* EXERCISE INSTRUCTIONS *
Nothing but the lines below between the line holding "12. pudding box (35,239,181,366)" and the line holding "18. gelatin box (83,302,179,376)", inclusive, should appear in the answer, each set down exactly.

* GIVEN RECORDS *
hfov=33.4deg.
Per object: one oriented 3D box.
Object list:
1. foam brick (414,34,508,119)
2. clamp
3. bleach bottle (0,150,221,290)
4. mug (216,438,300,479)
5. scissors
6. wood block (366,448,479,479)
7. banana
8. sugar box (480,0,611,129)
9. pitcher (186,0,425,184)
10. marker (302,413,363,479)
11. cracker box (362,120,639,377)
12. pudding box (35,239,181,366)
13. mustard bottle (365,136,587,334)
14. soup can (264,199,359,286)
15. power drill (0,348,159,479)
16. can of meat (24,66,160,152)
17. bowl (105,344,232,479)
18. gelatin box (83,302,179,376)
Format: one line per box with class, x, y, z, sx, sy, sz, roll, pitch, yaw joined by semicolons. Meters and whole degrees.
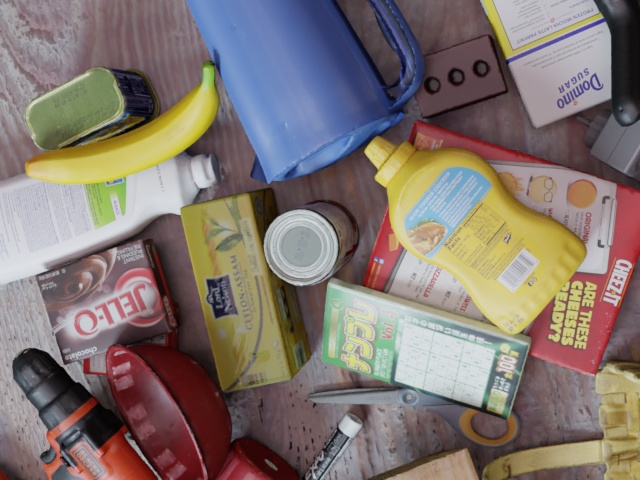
foam brick;0.121;-0.142;0.933;0.078;0.051;0.053;-18;92;12
clamp;0.267;-0.181;0.881;0.036;0.164;0.210;-28;67;42
bleach bottle;-0.213;-0.028;1.006;0.251;0.068;0.102;-14;92;10
mug;-0.068;0.241;0.979;0.093;0.117;0.081;35;96;-12
scissors;0.096;0.161;0.986;0.202;0.016;0.096;-18;92;13
wood block;0.111;0.296;0.927;0.090;0.091;0.206;-17;81;-18
banana;-0.162;-0.091;0.940;0.198;0.037;0.069;-28;127;11
sugar box;0.194;-0.193;0.917;0.093;0.048;0.176;-21;94;10
pitcher;-0.029;-0.183;0.922;0.149;0.145;0.243;-26;87;-19
marker;0.000;0.216;1.009;0.020;0.020;0.121;35;101;6
cracker box;0.161;0.004;0.930;0.214;0.072;0.164;18;100;8
pudding box;-0.196;0.057;0.992;0.113;0.039;0.090;-18;89;12
mustard bottle;0.115;-0.018;0.868;0.191;0.058;0.096;40;104;3
soup can;-0.006;0.001;0.946;0.068;0.102;0.068;1;96;11
power drill;-0.265;0.212;1.015;0.188;0.057;0.184;-39;90;28
can of meat;-0.210;-0.119;0.985;0.102;0.084;0.057;-25;90;13
bowl;-0.127;0.153;0.958;0.055;0.162;0.162;-29;89;-29
gelatin box;-0.181;0.094;1.028;0.089;0.030;0.073;3;94;11
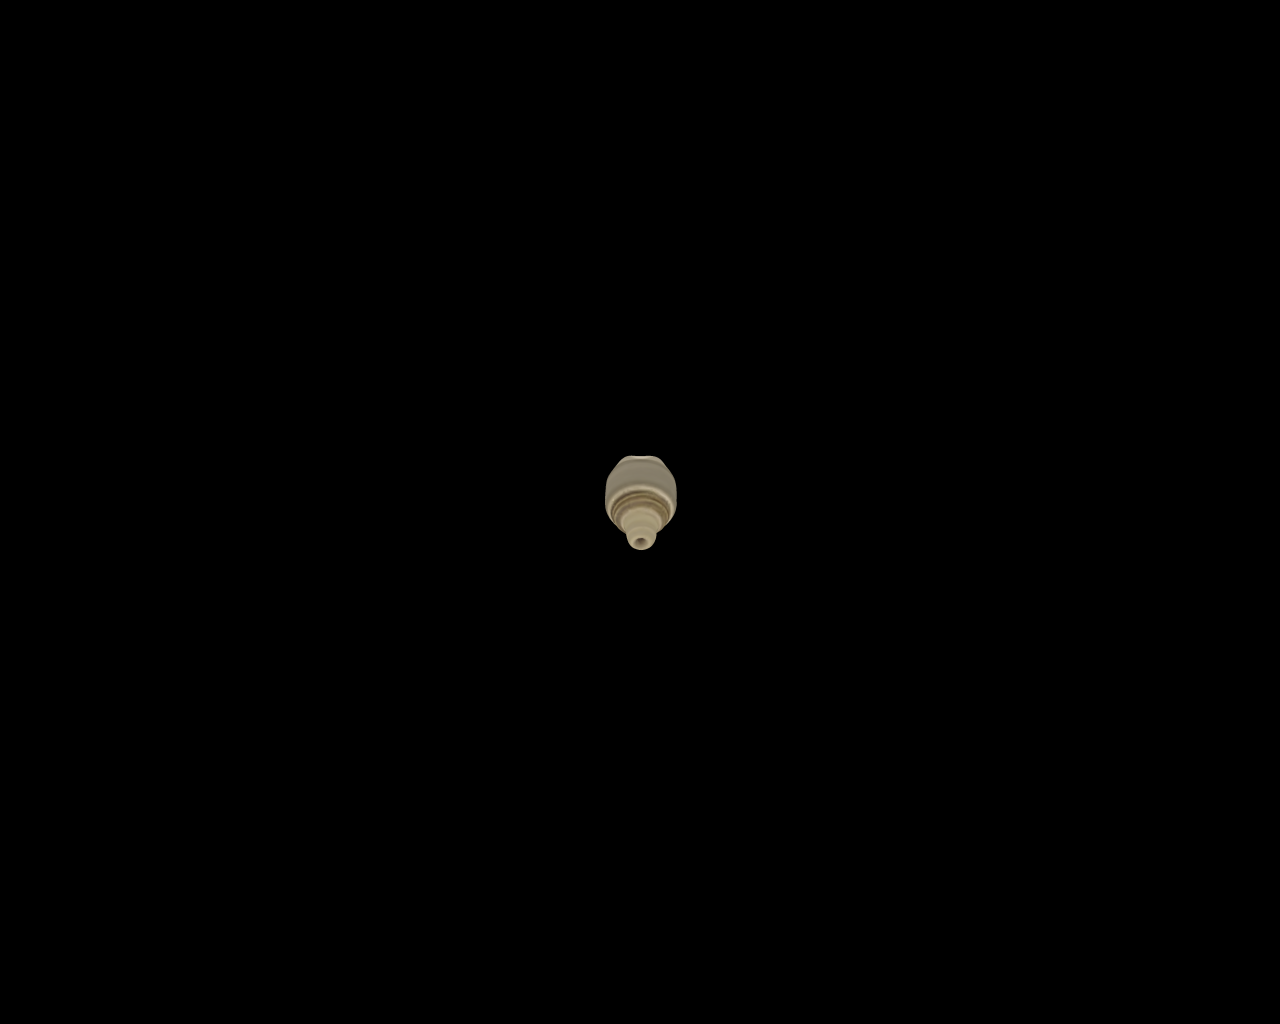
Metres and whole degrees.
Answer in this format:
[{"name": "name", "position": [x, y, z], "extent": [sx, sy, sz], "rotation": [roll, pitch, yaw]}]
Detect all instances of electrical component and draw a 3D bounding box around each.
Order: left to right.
[{"name": "electrical component", "position": [0.001, -0.003, 0.650], "extent": [0.043, 0.043, 0.062], "rotation": [0, 44, 0]}]

* RESULT BELOW *
12. pudding box (35,239,181,366)
13. mustard bottle (365,136,587,334)
14. soup can (264,199,359,286)
15. power drill (0,348,159,479)
16. can of meat (24,66,160,152)
17. bowl (105,344,232,479)
18. gelatin box (83,302,179,376)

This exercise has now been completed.